# TV-Produktion sucht Geschädigte, die Rechnungen/Mahnungen von dubiosen Firmen bekommen



## computerbetrug.de (24 August 2011)

Eine TV-Produktion sucht für eine Reportage Betroffene - bevorzugt im hessischen Raum:



> Wir würden gerne einen Beitrag machen zum Thema „Abzocke im Internet“. Dafür sind wir auf der Suche nach einem Betroffenen, der von versteckten Kosten auf Internetseiten nichts bemerkte und nun Rechnungen oder Mahnungen von dubiosen Firmen bekommt.
> Falls Sie sich angesprochen fühlen und mit Ihrer Geschichte andere User warnen möchten, setzen Sie sich mit Heiko (E-Mail: [email protected]) in Verbindung, er stellt den Kontakt zu unserer Redaktion her.

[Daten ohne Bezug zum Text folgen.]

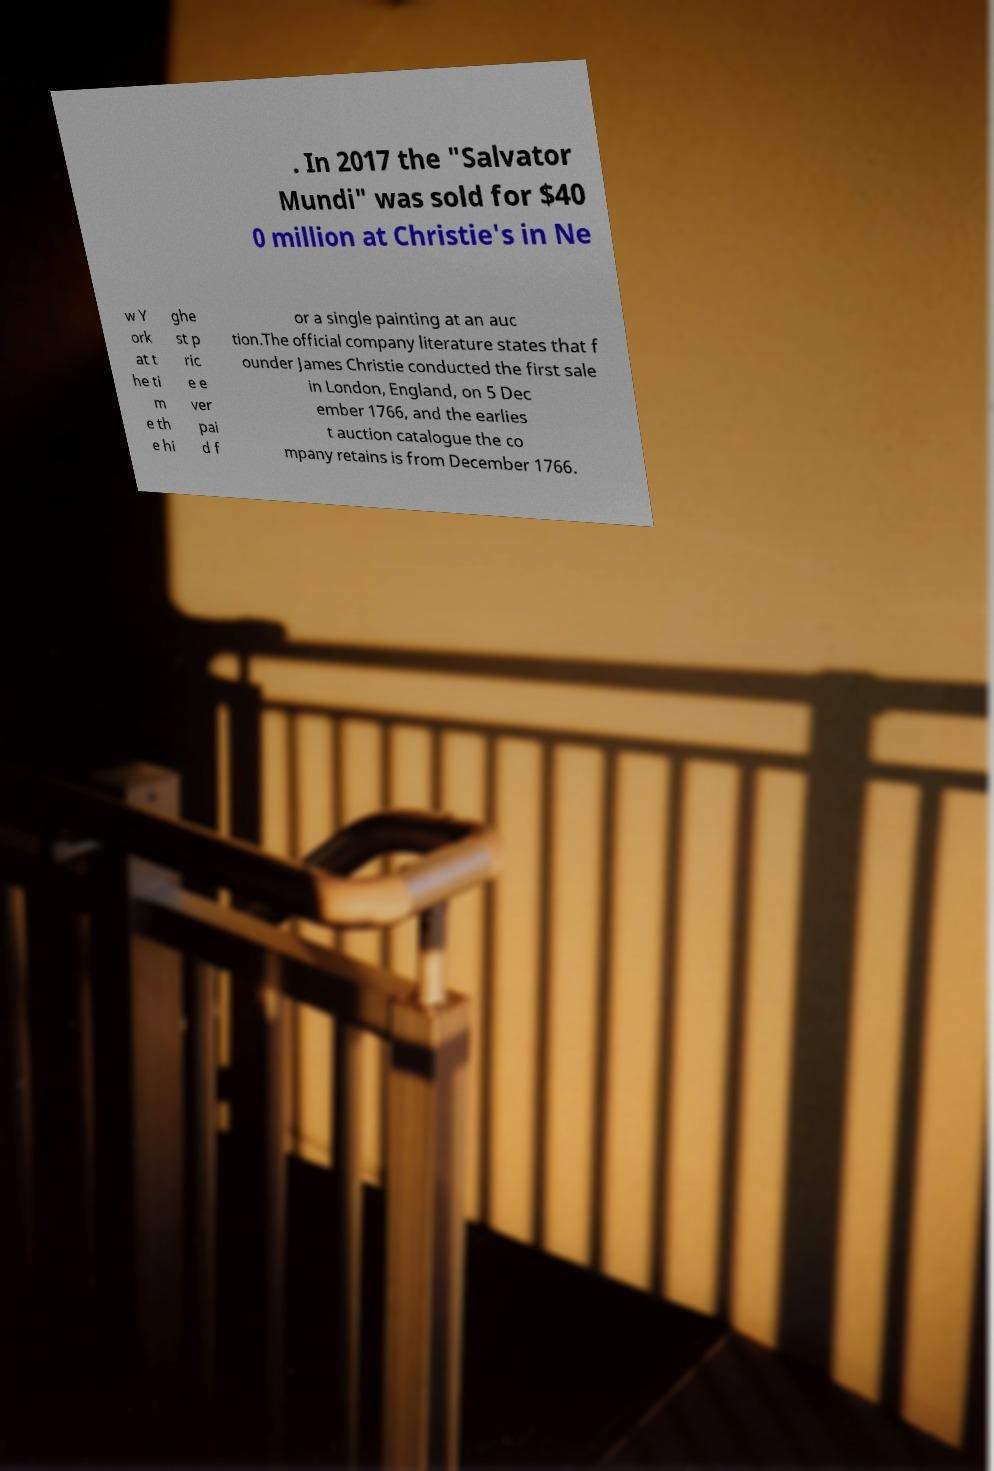Please read and relay the text visible in this image. What does it say? . In 2017 the "Salvator Mundi" was sold for $40 0 million at Christie's in Ne w Y ork at t he ti m e th e hi ghe st p ric e e ver pai d f or a single painting at an auc tion.The official company literature states that f ounder James Christie conducted the first sale in London, England, on 5 Dec ember 1766, and the earlies t auction catalogue the co mpany retains is from December 1766.

Wenn Ihr Euren Fall also ins Fernsehen bringen wollt, dann bitte kurze Nachricht an mich!


----------



## Griffeline (24 August 2011)

Ich habe da einen Fall, weiß aber nicht, ob da was zu machen ist.
Bitte um Antwort.


----------



## Heiko (24 August 2011)

Inwiefern?
Wenn Du es erlaubst, gebe ich Deine Mailadresse an die Leute weiter, dann kannst Du mit denen klären, ob das passt.


----------



## Heiko (24 August 2011)

Bitte nicht hier posten. Höchstens per privater Unterhaltung. Ich leite die Adresse weiter.


----------



## Griffeline (24 August 2011)

*Heiko*: Das mit der Mailadresse hier im öffentlichen Teil geht nicht.
Da müssen wir uns zu einer Unterhaltung treffen.
Die Ungeheuerlichkeit passierte lang v o r  "DC Freight"!


----------



## Heiko (25 August 2011)

Du kannst jederzeit eine Unterhaltung mit jedem Mitglied (inklusive mir) beginnen.


----------